OpenSprinkler › Forums › Hardware Questions › OpenSprinkler › Controller lockups / crashes with wired Ethernet module › Reply To: Controller lockups / crashes with wired Ethernet module
Wendell
John,
I think you are correct that rebooting isn’t a perfect solution (although it’s better than a zone getting stuck “on” forever). In theory you could restore the unit to the last known state by periodically writing the current status to NVRAM and then reading that back out on each reboot, but from my experience this can lead to other problems. And if the lock-ups are occurring due to a buffer overrun corrupting the program or data space, you really wouldn’t want to try to restart from the last known state anyway.
The variety of symptoms I’ve seen really makes me think that the crashes aren’t just one portion of the system (e.g. the ethernet module) locking up, and if I’m correct, it would be nearly impossible to detect the crash condition and reliably reboot from it. Years ago I experienced an issue where an embedded controller was doing really strange things at random times. It occurred on only a small percentage of the units we made, but when the crashes happened, they were completely random. In our case it was a hardware bug in an Atmel CPU chip that was causing it to literally execute code at random locations… pretty much the worst case nightmare a programmer can run into. I suspect that the problem we’re seeing with the OS controller isn’t nearly this insidious, but until someone can figure out the actual cause of the crashes (versus simply detecting when they have occurred and trying to reboot), I don’t think there will be a good solution to the problem.
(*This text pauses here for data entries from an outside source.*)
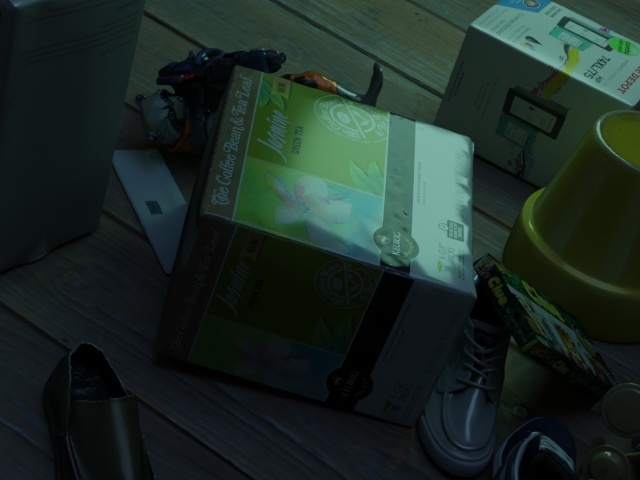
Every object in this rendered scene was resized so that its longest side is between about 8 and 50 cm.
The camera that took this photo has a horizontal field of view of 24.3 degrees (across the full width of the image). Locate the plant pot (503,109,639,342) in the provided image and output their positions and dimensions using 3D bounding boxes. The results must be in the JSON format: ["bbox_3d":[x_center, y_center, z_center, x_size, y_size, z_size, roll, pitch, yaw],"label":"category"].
[{"bbox_3d":[0.400,-0.032,1.979,0.254,0.239,0.254,11,37,-9],"label":"plant pot"}]

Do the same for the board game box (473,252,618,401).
[{"bbox_3d":[0.277,0.112,1.779,0.260,0.030,0.136,31,23,-51],"label":"board game box"}]

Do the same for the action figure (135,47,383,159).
[{"bbox_3d":[-0.082,-0.175,2.009,0.330,0.178,0.341,-6,6,-19],"label":"action figure"}]

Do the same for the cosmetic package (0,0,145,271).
[{"bbox_3d":[-0.347,-0.162,1.713,0.156,0.385,0.217,36,37,22],"label":"cosmetic package"}]

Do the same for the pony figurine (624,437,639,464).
[{"bbox_3d":[0.556,0.169,1.758,0.364,0.303,0.351,9,60,16],"label":"pony figurine"}]

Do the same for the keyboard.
[{"bbox_3d":[-0.207,-0.042,1.931,0.072,0.014,0.256,-8,42,-23],"label":"keyboard"}]

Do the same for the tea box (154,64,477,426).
[{"bbox_3d":[0.000,0.000,1.774,0.324,0.220,0.329,16,36,-8],"label":"tea box"}]

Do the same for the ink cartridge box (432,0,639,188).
[{"bbox_3d":[0.349,-0.216,2.235,0.270,0.197,0.198,29,38,15],"label":"ink cartridge box"}]

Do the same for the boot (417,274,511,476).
[{"bbox_3d":[0.175,0.148,1.741,0.095,0.123,0.258,13,36,-6],"label":"boot"}]

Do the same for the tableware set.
[{"bbox_3d":[0.376,0.247,1.693,0.169,0.141,0.020,29,10,15],"label":"tableware set"}]

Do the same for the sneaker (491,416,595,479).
[{"bbox_3d":[0.242,0.248,1.598,0.099,0.153,0.282,37,37,7],"label":"sneaker"}]

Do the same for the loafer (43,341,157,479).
[{"bbox_3d":[-0.229,0.201,1.531,0.094,0.087,0.251,-5,41,-28],"label":"loafer"}]

If Ray can pin down the actual cause of the problem then I agree that a software patch will likely solve all of the problems, but simply trying to detect when a problem has already occurred isn’t likely to be a viable solution. I’ll freely admit that I don’t know the architecture of the OS system (i.e. is everything running on the main CPU, or is there an additional microcontroller in the ethernet module?), so my hypothesis could be off due to not understanding how the various system components relate to one another, but if the entirety of the code is running on one CPU, the varied symptoms I’m seeing suggest that there is some type of widespread corruption of data at play.
Regardless of whether the root cause can be found and corrected, I would rather be running a system that handles the TCP/IP stack in hardware, since it should result in more reliable network operations and free up the CPU to run only the application itself (potentially making it more responsive to user inputs). Implementing the W5500 chip sounds like a really good idea to me!